Dataset entries
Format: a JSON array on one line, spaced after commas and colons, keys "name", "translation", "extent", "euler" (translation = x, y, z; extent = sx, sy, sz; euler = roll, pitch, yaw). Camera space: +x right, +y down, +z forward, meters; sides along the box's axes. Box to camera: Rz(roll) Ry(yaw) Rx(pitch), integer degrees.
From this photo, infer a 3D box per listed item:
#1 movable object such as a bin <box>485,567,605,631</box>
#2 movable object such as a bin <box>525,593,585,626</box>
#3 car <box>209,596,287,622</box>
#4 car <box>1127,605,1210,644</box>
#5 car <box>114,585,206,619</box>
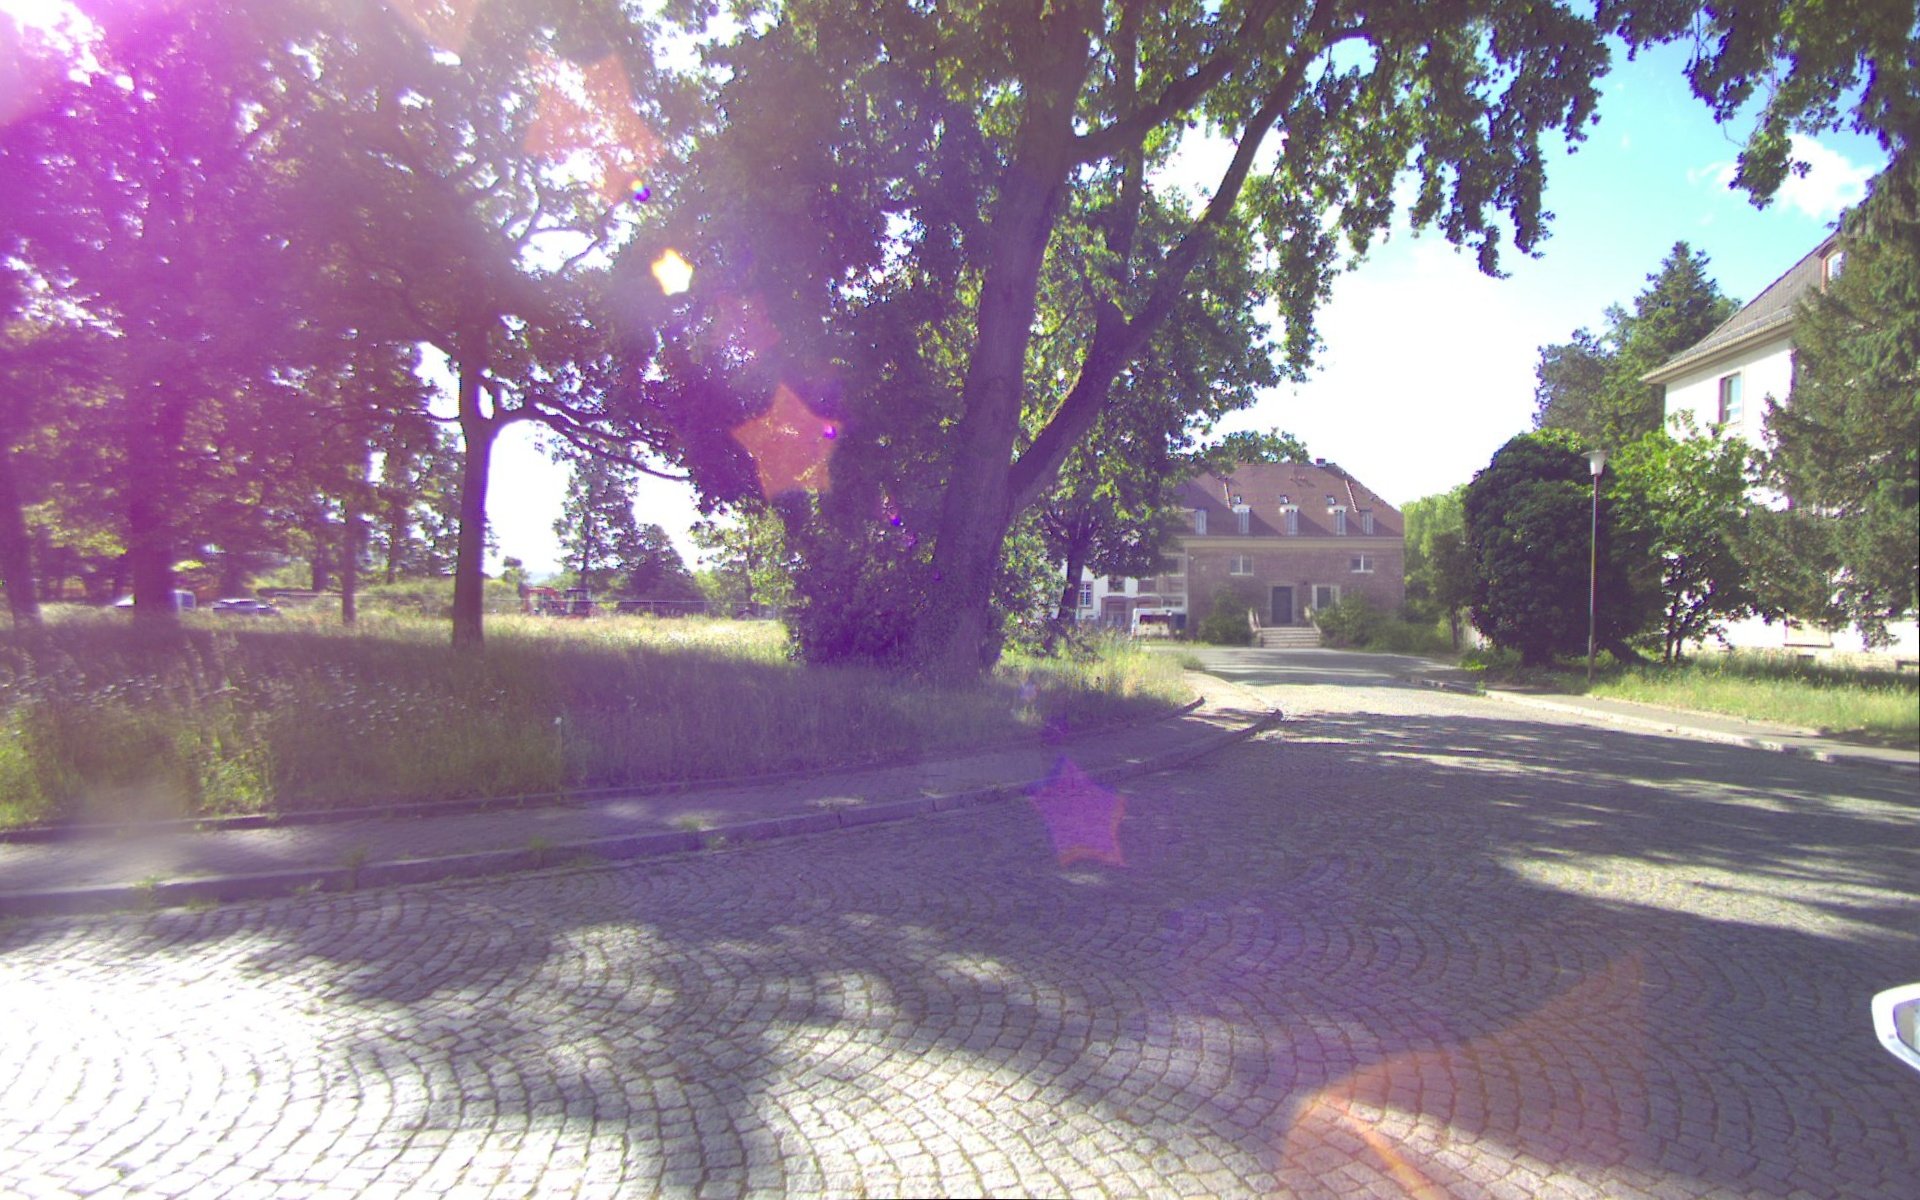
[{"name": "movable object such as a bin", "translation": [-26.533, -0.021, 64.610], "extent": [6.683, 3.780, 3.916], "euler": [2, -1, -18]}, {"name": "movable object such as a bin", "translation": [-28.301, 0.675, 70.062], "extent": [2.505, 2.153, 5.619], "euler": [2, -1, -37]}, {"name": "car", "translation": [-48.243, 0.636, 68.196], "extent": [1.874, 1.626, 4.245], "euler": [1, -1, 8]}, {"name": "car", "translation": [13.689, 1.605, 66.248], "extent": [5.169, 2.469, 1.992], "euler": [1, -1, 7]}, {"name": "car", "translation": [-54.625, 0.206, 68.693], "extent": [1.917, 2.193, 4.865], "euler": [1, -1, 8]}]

--

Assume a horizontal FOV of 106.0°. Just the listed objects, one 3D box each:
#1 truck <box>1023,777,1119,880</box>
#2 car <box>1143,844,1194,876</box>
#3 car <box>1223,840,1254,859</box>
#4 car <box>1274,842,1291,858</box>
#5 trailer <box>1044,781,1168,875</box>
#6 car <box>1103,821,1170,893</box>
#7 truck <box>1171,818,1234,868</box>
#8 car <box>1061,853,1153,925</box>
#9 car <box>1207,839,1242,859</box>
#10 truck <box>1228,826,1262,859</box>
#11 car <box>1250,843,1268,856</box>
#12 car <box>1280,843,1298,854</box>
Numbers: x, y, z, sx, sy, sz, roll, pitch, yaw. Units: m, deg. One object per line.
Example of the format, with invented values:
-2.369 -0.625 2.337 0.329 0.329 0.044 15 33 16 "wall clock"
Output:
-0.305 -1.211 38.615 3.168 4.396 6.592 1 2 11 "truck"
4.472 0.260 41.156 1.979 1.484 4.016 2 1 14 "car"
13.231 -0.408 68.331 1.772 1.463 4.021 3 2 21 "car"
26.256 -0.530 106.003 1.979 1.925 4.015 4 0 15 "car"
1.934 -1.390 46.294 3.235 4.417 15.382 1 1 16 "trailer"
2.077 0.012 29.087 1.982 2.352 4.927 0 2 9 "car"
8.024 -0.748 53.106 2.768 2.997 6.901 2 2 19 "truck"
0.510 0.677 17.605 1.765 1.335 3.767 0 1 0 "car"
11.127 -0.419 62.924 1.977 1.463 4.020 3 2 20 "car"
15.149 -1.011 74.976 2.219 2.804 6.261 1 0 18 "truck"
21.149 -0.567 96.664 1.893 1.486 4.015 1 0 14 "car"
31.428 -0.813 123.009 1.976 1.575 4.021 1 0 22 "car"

WHAT YOU WILL DO:
Of the entries listed above, reproduce only the lines starting at the line containing "Format: a JSON" and ending at the line containing "#4 car <box>1127,605,1210,644</box>". Include both, exactly as they stand.

TASK OUTPUT:
Format: a JSON array on one line, spaced after commas and colons, keys "name", "translation", "extent", "euler" (translation = x, y, z; extent = sx, sy, sz; euler = roll, pitch, yaw). Camera space: +x right, +y down, +z forward, meters; sides along the box's axes. Box to camera: Rz(roll) Ry(yaw) Rx(pitch), integer degrees.
From this photo, infer a 3D box per listed item:
#1 movable object such as a bin <box>485,567,605,631</box>
#2 movable object such as a bin <box>525,593,585,626</box>
#3 car <box>209,596,287,622</box>
#4 car <box>1127,605,1210,644</box>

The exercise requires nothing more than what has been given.